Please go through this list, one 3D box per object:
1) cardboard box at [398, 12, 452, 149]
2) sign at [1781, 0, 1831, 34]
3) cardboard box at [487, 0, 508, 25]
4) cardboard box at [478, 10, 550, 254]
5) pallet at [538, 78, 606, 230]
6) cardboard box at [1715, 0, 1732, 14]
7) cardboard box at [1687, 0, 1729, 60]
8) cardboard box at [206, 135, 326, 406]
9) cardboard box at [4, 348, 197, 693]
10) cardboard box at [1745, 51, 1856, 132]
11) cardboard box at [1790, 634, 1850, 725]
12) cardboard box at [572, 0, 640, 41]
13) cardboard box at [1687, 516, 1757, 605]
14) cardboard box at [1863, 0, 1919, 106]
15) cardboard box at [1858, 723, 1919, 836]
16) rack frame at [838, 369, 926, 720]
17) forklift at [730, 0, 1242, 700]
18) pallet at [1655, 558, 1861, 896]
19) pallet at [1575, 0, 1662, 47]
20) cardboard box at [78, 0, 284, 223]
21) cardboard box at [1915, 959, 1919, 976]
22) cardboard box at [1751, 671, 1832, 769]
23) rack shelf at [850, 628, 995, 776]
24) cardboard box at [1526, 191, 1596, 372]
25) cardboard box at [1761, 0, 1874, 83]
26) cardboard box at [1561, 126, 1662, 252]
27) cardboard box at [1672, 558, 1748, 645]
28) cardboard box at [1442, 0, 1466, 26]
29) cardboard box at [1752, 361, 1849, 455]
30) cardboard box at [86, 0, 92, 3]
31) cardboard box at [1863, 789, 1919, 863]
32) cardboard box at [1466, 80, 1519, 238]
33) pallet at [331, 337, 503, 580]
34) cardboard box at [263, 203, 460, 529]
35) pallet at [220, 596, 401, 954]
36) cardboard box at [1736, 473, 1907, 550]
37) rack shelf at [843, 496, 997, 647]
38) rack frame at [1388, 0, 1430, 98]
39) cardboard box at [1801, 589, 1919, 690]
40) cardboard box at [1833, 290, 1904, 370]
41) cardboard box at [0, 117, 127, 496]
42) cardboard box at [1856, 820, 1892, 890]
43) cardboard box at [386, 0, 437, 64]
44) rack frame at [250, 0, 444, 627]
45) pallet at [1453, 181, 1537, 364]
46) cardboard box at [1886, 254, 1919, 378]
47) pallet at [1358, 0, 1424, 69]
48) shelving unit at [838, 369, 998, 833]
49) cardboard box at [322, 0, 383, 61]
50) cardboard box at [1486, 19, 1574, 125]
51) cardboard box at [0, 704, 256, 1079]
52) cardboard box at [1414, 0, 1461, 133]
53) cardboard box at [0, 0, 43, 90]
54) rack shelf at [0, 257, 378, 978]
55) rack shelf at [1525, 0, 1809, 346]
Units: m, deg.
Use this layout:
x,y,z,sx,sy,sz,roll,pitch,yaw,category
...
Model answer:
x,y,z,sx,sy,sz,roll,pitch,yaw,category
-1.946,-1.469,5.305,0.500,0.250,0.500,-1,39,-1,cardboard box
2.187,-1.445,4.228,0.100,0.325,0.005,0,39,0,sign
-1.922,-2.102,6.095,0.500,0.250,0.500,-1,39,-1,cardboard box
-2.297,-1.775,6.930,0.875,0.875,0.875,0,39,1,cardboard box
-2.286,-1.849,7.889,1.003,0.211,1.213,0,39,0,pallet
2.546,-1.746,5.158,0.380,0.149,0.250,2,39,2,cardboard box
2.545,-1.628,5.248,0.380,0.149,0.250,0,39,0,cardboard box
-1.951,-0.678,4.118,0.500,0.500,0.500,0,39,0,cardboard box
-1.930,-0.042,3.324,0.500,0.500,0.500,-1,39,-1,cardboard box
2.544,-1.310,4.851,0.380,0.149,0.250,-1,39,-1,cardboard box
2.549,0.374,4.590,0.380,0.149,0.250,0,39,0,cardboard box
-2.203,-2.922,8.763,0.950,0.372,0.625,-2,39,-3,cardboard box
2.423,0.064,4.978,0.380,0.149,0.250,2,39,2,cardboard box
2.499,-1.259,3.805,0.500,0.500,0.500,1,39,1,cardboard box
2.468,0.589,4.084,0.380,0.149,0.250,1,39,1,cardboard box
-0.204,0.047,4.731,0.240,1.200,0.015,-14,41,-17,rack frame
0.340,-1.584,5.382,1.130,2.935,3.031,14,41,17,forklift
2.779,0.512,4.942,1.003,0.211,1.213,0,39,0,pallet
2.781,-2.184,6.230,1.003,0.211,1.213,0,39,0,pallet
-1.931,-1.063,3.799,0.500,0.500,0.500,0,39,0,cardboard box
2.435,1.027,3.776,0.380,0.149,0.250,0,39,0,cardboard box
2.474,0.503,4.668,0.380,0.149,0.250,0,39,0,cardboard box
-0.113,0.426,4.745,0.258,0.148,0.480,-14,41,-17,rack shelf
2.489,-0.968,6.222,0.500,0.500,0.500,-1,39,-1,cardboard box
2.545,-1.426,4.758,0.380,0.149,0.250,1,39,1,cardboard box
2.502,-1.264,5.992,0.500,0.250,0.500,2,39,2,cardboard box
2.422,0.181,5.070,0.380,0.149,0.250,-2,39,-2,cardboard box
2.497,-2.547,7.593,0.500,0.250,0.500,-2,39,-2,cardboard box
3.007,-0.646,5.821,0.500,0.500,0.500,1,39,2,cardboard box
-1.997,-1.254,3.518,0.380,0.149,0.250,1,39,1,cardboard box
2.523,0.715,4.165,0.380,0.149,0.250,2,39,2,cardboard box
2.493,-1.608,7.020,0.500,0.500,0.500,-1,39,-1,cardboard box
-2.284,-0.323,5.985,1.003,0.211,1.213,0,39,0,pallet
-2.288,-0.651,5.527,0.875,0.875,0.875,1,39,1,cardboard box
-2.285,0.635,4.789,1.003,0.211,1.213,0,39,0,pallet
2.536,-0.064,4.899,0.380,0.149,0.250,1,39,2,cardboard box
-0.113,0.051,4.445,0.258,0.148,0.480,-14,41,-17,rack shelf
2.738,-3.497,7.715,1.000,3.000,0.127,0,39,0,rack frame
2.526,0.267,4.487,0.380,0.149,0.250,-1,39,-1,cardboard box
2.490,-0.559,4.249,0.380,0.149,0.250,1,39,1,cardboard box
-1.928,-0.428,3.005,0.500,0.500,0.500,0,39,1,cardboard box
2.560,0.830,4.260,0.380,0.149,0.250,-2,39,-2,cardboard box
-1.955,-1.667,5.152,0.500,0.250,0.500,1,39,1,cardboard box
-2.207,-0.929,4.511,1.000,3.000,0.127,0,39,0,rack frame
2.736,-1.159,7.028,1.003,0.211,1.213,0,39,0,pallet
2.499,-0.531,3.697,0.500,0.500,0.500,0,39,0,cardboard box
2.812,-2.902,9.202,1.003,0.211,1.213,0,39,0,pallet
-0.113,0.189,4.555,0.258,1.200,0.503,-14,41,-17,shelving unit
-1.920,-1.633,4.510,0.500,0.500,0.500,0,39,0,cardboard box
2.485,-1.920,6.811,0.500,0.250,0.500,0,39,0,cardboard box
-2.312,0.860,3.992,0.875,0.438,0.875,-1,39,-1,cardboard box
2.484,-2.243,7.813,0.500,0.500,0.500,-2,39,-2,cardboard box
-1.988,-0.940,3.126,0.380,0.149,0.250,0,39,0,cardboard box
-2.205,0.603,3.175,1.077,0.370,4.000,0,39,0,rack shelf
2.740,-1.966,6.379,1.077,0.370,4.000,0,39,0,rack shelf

PROBLEM DETAILS:
Going through the records above, state how many lines include the word "this", and give no other text.

TASK SOLUTION:
2